Finding from an empirical study: litigants “have great enthusiasm” for participating directly in settlement negotiations and have little enthusiasm for negotiations involving “only the attorneys.”
—Prof. Donna Shestowsky in, “Research Report: How Litigants Evaluate Legal Procedures at the Start of their Cases,” 50 Court Review 126 (2014).
Common Negotiation Practice
I started practicing law in 1980. For the first decades of my career, settlements of lawsuits happened without mediation and went something like this (with varying degrees of intensity and antagonism):
A lawsuit is progressing through the pleadings, discovery and early pretrial phases, when I suggest to my client that the case is ripe for settlement negotiations to begin.
I discuss with the client what our negotiation goals might be and various strategies for achieving those goals, and I get authority for a settlement offer.
Then I call opposing counsel and broach the possibility of a settlement. It goes something like this:
–“Trial is coming up soon, and we’ll both be incurring lots of attorney fees for our respective clients, so it seems like a good time to see if settlement is possible.”
–“What do you have in mind?” the other attorney asks.
–“We feel really good about the merits of our case,” I say. “But we are willing to discount the amount of our demand by $X because that’s a likely amount of fees our client will pay to get this case tried. So, rather than using that amount to pay fees, your client can keep it as a discount for settling now.”
–The attorney responds, typically, with something like this: “We are confident in our position, so that offer won’t work. But I’ll check with my client and see if we can get back to you with a counter.”
–Then, opposing counsel calls back and says, “My client is not willing to do that but will settle for a payment of $Y, instead. Our rationale is this: ________.”

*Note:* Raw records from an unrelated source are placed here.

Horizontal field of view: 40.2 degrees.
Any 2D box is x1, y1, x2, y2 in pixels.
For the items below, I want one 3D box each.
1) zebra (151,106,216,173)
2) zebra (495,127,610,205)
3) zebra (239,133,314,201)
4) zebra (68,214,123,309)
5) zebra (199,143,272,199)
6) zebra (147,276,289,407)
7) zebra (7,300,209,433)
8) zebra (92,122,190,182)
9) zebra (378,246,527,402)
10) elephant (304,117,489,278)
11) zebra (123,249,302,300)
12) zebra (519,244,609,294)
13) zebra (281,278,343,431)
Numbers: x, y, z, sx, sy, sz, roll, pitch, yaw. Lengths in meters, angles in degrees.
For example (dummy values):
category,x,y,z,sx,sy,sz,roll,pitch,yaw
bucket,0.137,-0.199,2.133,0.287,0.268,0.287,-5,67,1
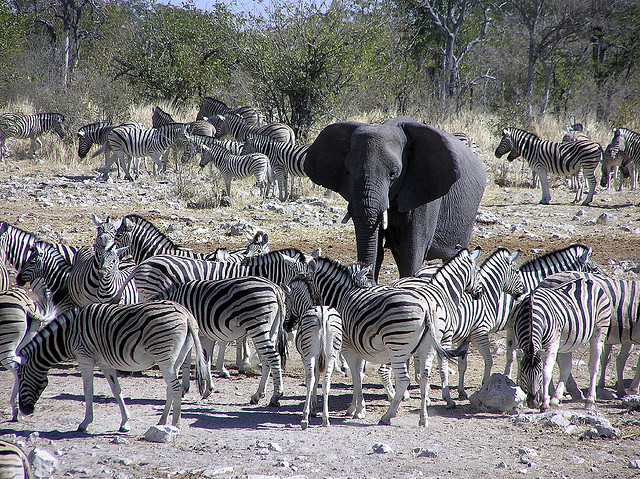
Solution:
category,x,y,z,sx,sy,sz,roll,pitch,yaw
zebra,-4.237,-2.864,25.488,1.965,1.559,0.579,20,24,18
zebra,5.178,-1.689,19.835,0.782,1.266,2.400,4,-1,-42
zebra,-0.787,-1.663,20.112,2.077,1.566,0.634,2,23,9
zebra,-3.019,0.537,11.753,0.544,1.552,1.863,8,-11,-20
zebra,-2.125,-1.576,20.068,2.518,1.122,1.223,3,-2,41
zebra,-1.447,1.181,11.353,2.082,1.980,0.662,-1,3,20
zebra,-2.542,1.574,10.417,2.332,1.659,0.696,-6,2,5
zebra,-4.474,-2.226,21.947,2.363,1.750,0.659,3,19,-11
zebra,1.694,1.156,11.508,2.255,1.902,0.668,-7,9,-9
elephant,1.241,-0.487,13.539,2.154,2.745,3.282,6,6,27
zebra,-1.511,0.635,11.835,1.551,0.826,1.596,-5,10,-33
zebra,3.264,0.358,12.069,0.872,0.729,0.673,2,5,18
zebra,-0.131,1.440,11.255,0.549,1.701,2.164,-1,-2,-10

–I then respond with something like, “Hmmm . . . that doesn’t sound very promising. But I’ll check with my client and get back to you.”
–I then discuss the counter-offer with my client, develop a response strategy, get counter-offer authority, and get back to the attorney with the counter-offer and supporting rationale.
This negotiation back-and-forth between attorneys continues until a settlement is achieved . . . or until negotiations fall apart, with the case heading on to trial.
Occasionally, I might have a client with me, in person or by phone, during negotiations with opposing counsel . . . but that would be an exception.
Every litigator of my vintage has been through variations on the foregoing a million times (give or take a few hundred thousand). We like this approach. It’s familiar and comfortable. And it works.
Unfortunately, however, empirical studies (like Prof. Shestowsky’s linked above) find that our clients don’t like our approach:
–clients “want to be present for” and to “participate in, the resolution process”; and
–clients like the resolution process to have “formality.”
Prof. Shestowsky explains that such findings “may come as a surprise to attorneys” because attorneys “assume that they should conduct settlement discussions on their own.” This assumption is false.
So, instead of “excluding litigants from settlement negotiations,” Prof. Shestowsky suggests that lawyers should “anticipate” a client’s desire “to observe or participate in” the settlement discussions.”
–And mediation fits this bill perfectly.
The Bankruptcy Context
Bankruptcy attorneys have been lagging adopters of mediation. Prof. Shestowsky’s findings provide some insights that might help explain this.
–Business bankruptcy cases, for example, are fast-paced with many issues arising quickly, often needing immediate resolution because the continued existence of a fragile business-in-bankruptcy is often on the line.
–As a result, bankruptcy attorneys are going through the negotiations process identified above frequently and quickly on a multitude of urgent issues: and, as they see it, they simply don’t have time for such luxuries as mediation.
So . . . in an adversary proceeding or a plan confirmation context, when someone suggests that mediation could be effective, the gut-level reactions from seasoned bankruptcy attorneys are often:
–“We can resolve this ourselves, just like we do with every other issue. We don’t need mediation!”; and
–“Our clients have always been fine with doing it this way!”
Empirical evidence to the contrary is a troubling thing.
We attorneys, who’ve had many years of experience in resolving legal disputes without mediation—and especially in fast-paced and urgent contexts like business bankruptcy, often look with skepticism upon empirical findings that challenge some of our most-basic assumptions and practices.
But we would be well-advised to take such findings to heart.
Note: All information and quotations on empirical studies in this article are from Prof. Shestowsky.